New Freedom of Information Lawsuit filed by Reclaim the Records for New York Marriage Records

From an email message sent by Reclaim the Records:

Happy New Year from Reclaim The Records! We’re kicking off 2018 in style, by launching a new freedom of information lawsuit, our fourth one to date, against a government agency that is refusing to provide genealogical records to the public, in violation of state law.

We’re going after the 1996-2016 section of the New York City marriage license database, which is several million records. These aren’t actual marriage licenses or certificates, which have privacy protections, but it’s the text-searchable database index to all of them and to the basic data within. Under New York State law, basic marriage “log” or index data is supposed to be open to the public.

As you might remember from previous newsletters, we sued for the 1908-1929 part of this same record set in mid-2015 (newsletter #1 and #2), and we sued for the 1930-1995 section of these records in mid-2016 (newsletter #10 and #11). We won millions and millions of records in our settlements from the city in both cases, and we even won our attorneys fees and court fees in the second case. That was pretty awesome.

We posted all the records we won online at the Internet Archive, but also at a new standalone website we developed ourselves called And several major genealogy websites, both for-profit companies and non-profit organizations, have now added that marriage license data to their own websites. If we win this case too, then this missing 1996-2016 piece of the data will complete the availability of New York marriage records up to almost the present day. And this time around, the data we’re seeking is already in a text database, so we won’t need an indexing project and researchers will be able to search it right away.

This new freedom of information lawsuit — which, if you want to be pedantic, is really an “Article 78 Legal Petition” — was filed in the Supreme Court of the State of New York, in the county of New York, two days ago. It’s not listed in the online eCourts case tracking system just yet, but it will be shortly; its Index Number is 150250/2018, in case you want to follow along from home. Our superlawyer Dave Rankin is handling the case for us once again, although now he’s a partner at a swanky new law firm.

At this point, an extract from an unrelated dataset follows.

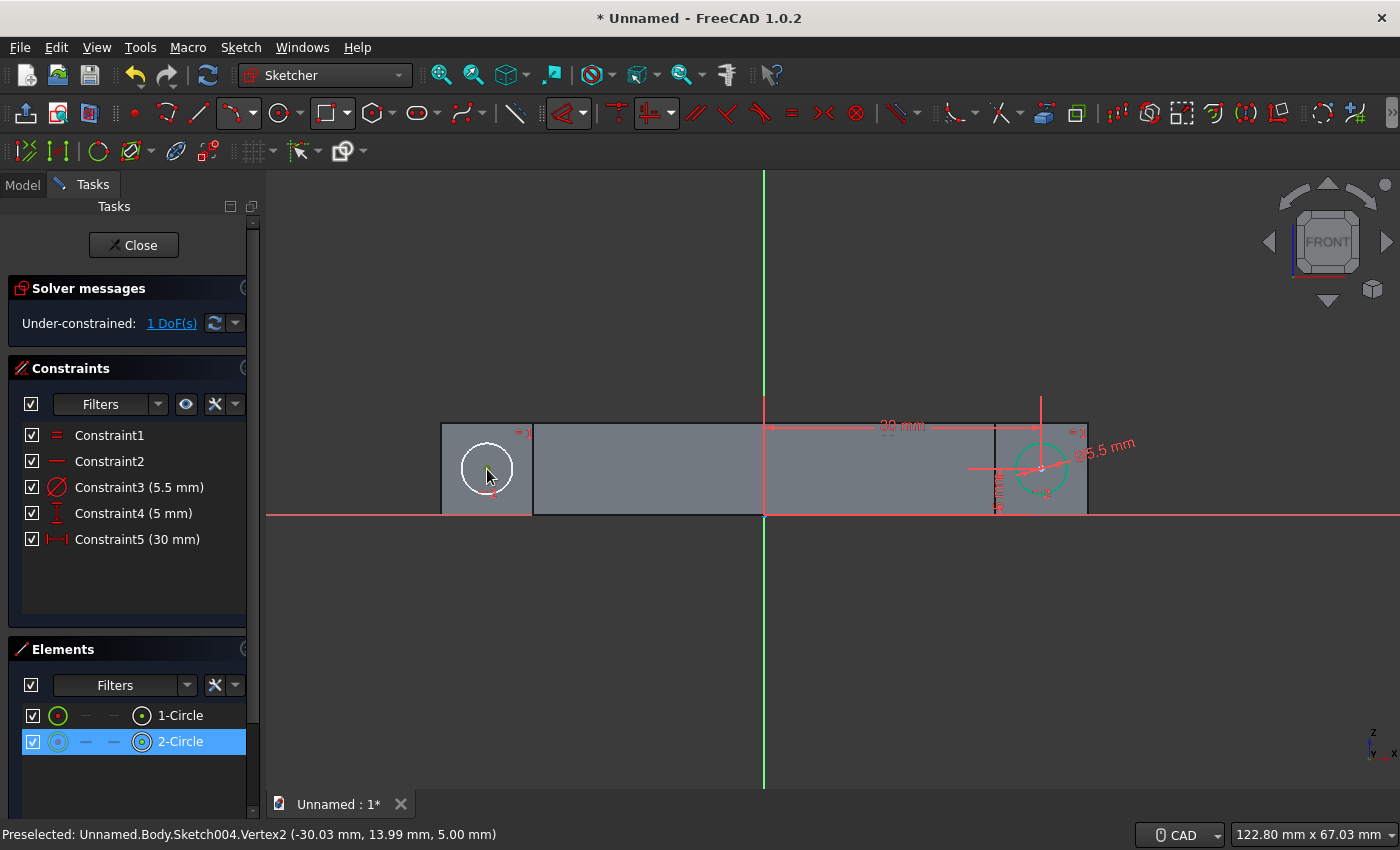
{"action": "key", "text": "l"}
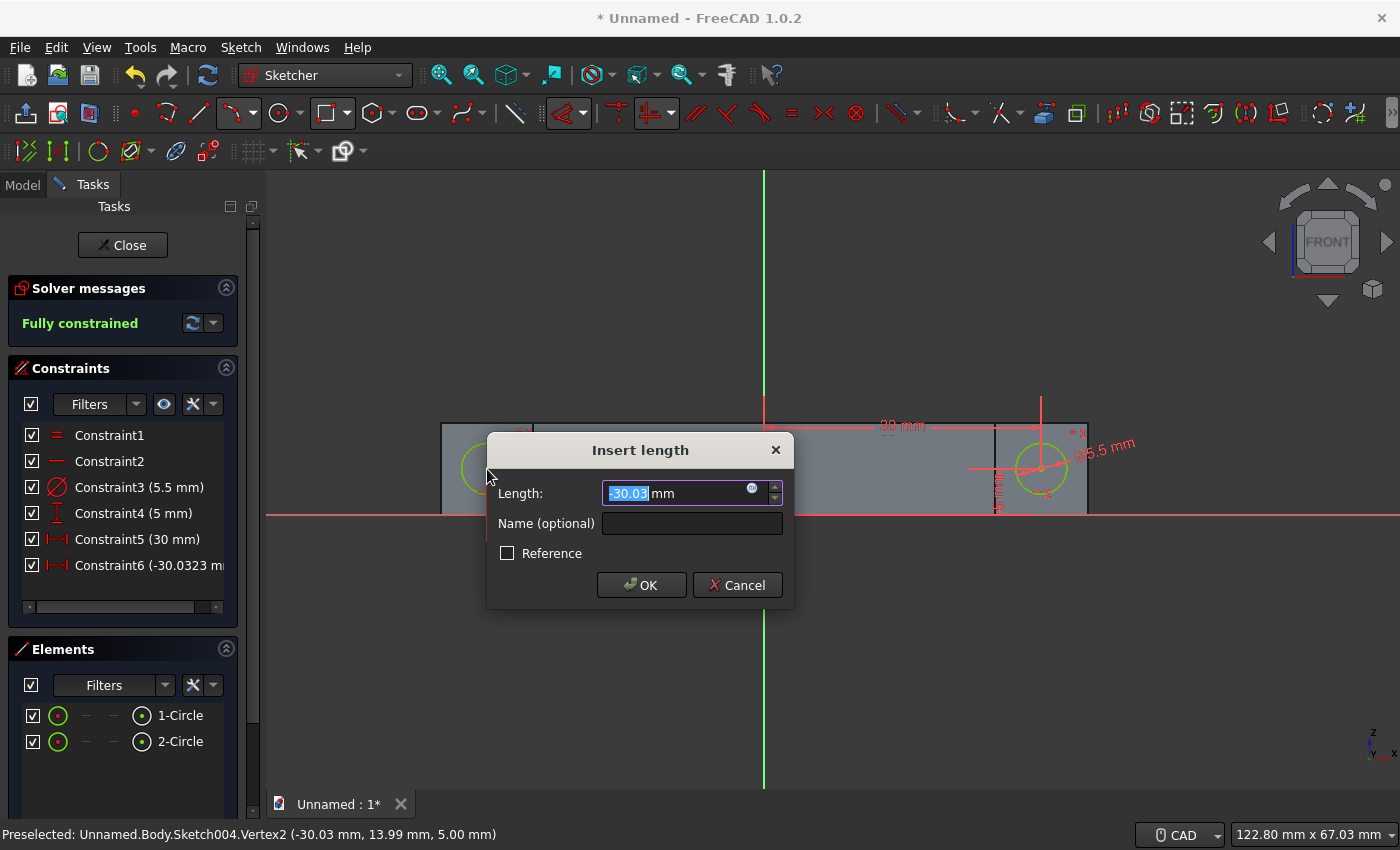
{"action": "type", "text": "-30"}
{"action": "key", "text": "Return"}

You can read more details in the full message at


Perhaps the City thinks this is a baseball game where the pitcher needs to throw three strikes before the batter is declared out….

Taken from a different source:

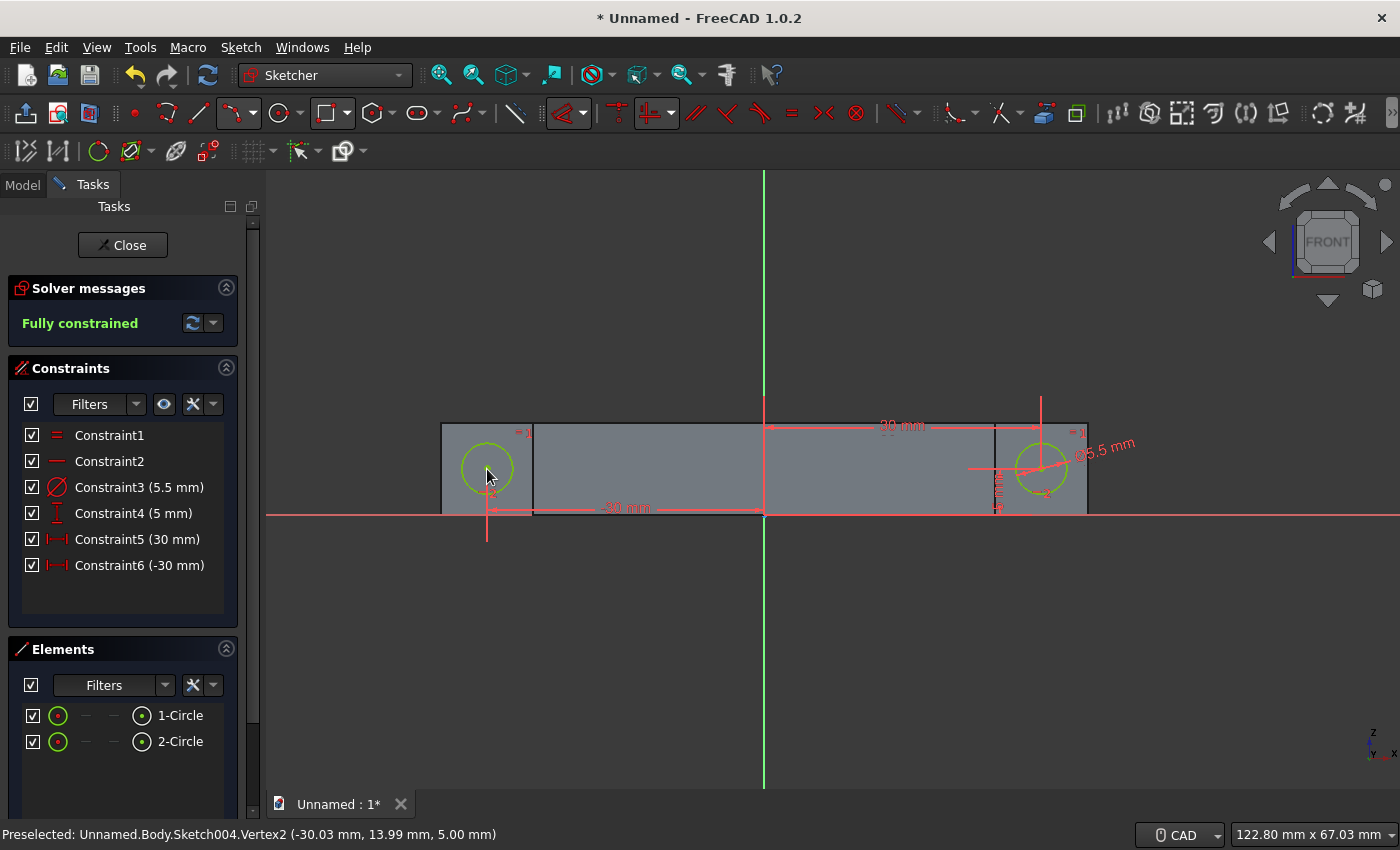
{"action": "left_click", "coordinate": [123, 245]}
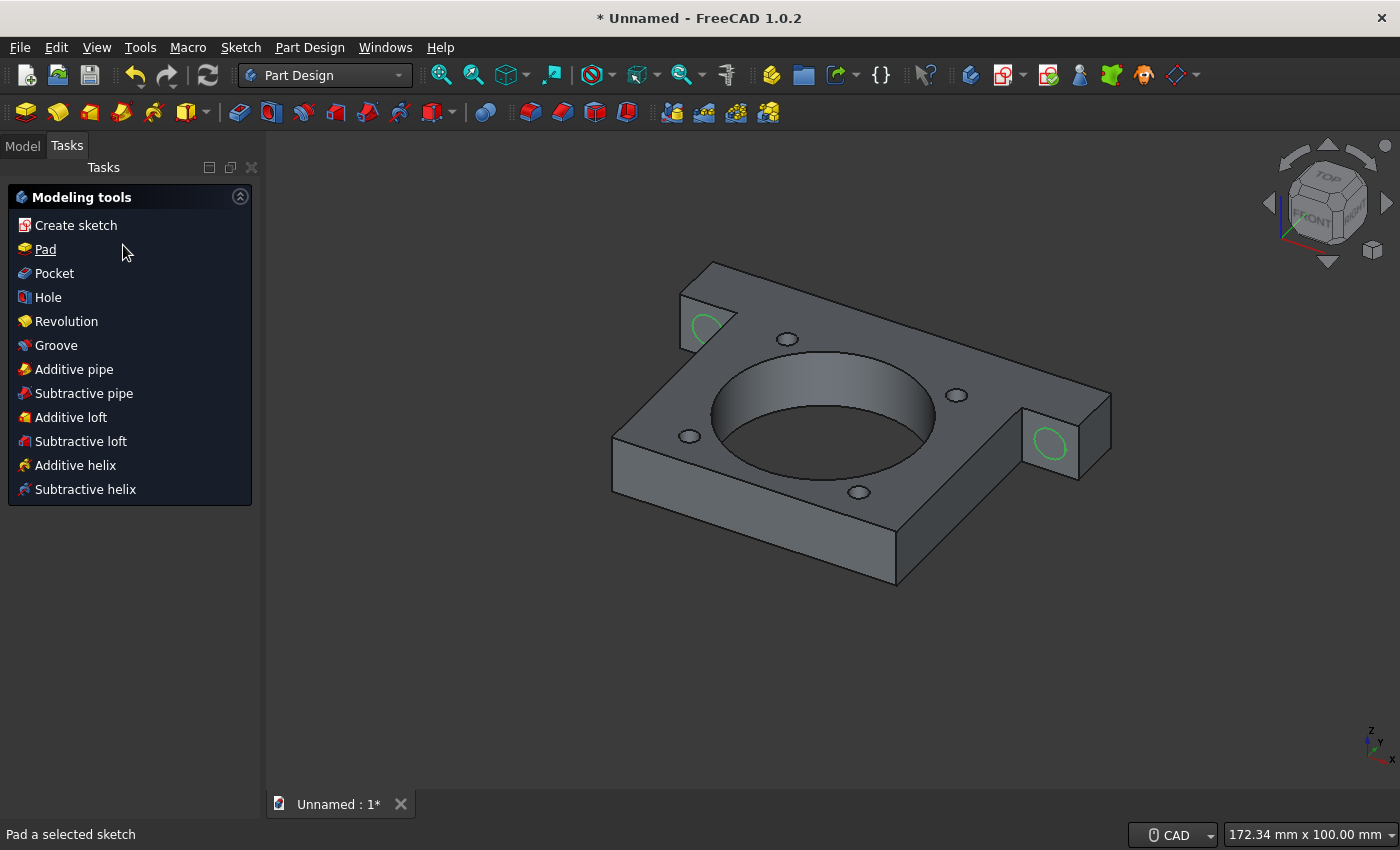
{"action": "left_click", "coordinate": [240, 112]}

Has the city ever won these challenges? it is difficult to interpret their resistance as anything but petty stubbornness and vindictiveness. Might there be better uses for the city’s expenses than court fees?

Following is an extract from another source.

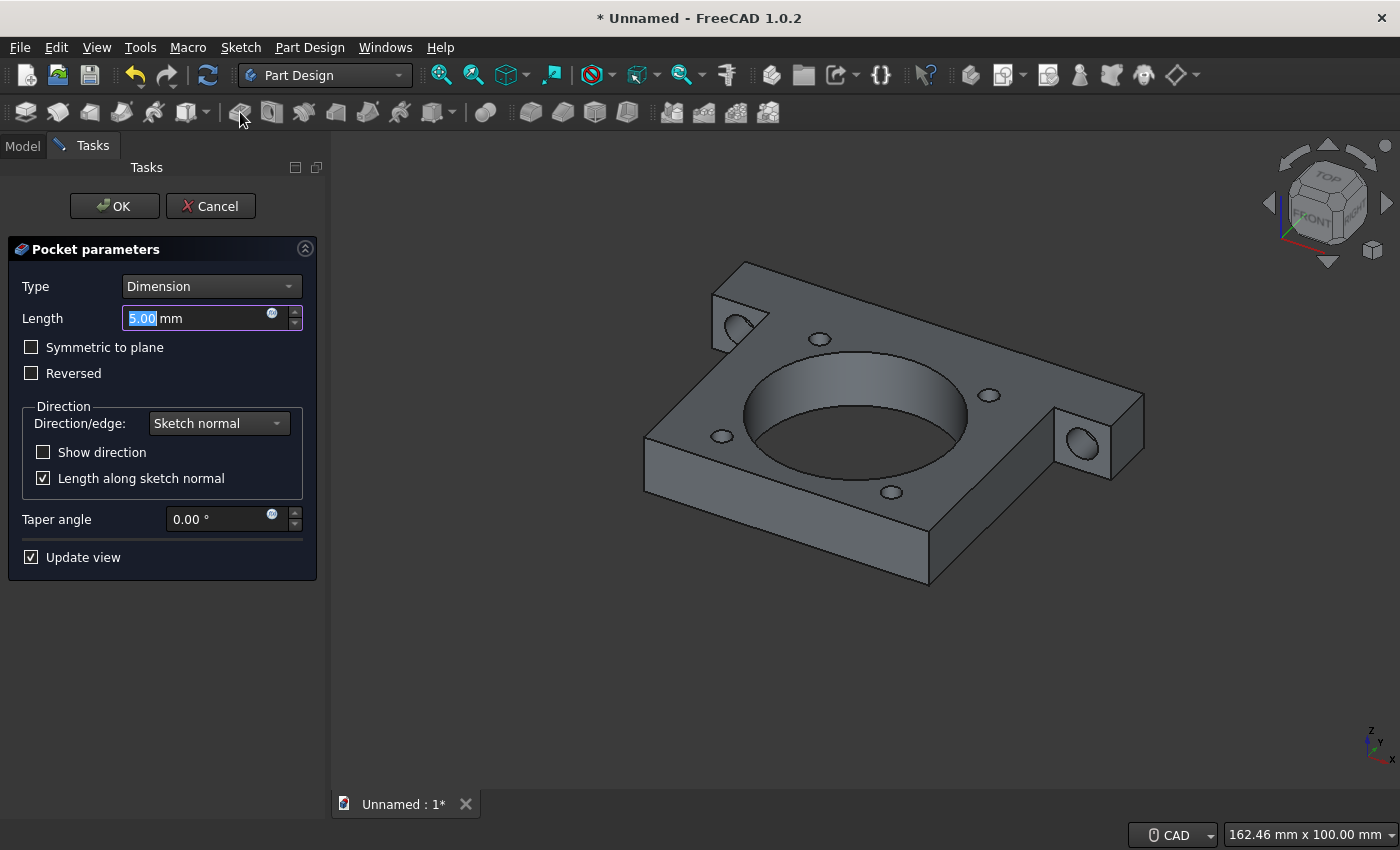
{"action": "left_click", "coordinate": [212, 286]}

I see that Reclaim the Records now accepts donations, which they did not previously. I can think of few more deserving genealogy causes.


Is this index complete? I only ask because I was married in New York in the mid 1970s and I am not in the currently available one which is supposed to go to 1980.


    Hi Graeme. The 1950-1995 records that we won in our 2016 lawsuit settlement with the city are not 100% complete. They could only give us what they have, which were (1) about 110 microfilms of handwritten ledgers covering 1930-1972 (or 1971 for Queens), and (2) a text database of marriage licenses created by their in-house staff that cover 1950-1995. But that text database has a lot of problems — many typos, many missing records in the earlier years (particularly Manhattan 1967, over 20,000 missing records), etc. And they gave it to us in Microsoft Excel spreadsheet format, which was a terribly passive-aggressive thing to do.

    So it’s best to check the images of the 1930-1972 ledgers AND also text-search the 1950-1995 portion, if possible, to cover all your bases, but even then we know that the city’s own index is really incomplete.

    There is more discussion about the missing data and about the weird formatting problems (like putting a space after the Mc in surnames like “McMann”) on the website:


Hey “Reclaim!” What are the results of the October 2017 meeting with NYC DOH?


    Hi Snowdrop! The city suddenly canceled its Board of Health meeting that was scheduled for the end of 2017, and the next one isn’t being held until March 2018. So we won’t know for sure that these terrible proposed rule changes are dead and being discarded until then.

    It’s interesting to note that there were THOUSANDS of public comments submitted against the proposed rule changes — hundreds of comments submitted individually plus thousands more from the NYG&B’s excellent petition drive, from all fifty states — and only two comments submitted in favor of the changes. And those two were from the New York State Registrar and some lackey from NAPHSIS, a group that has tried and failed to get traction on the ridiculous Model State Vital Statistics Act.

    That’s it. There were zip, zero, zilch comments in favor of the proposed rule change from a single member of the public.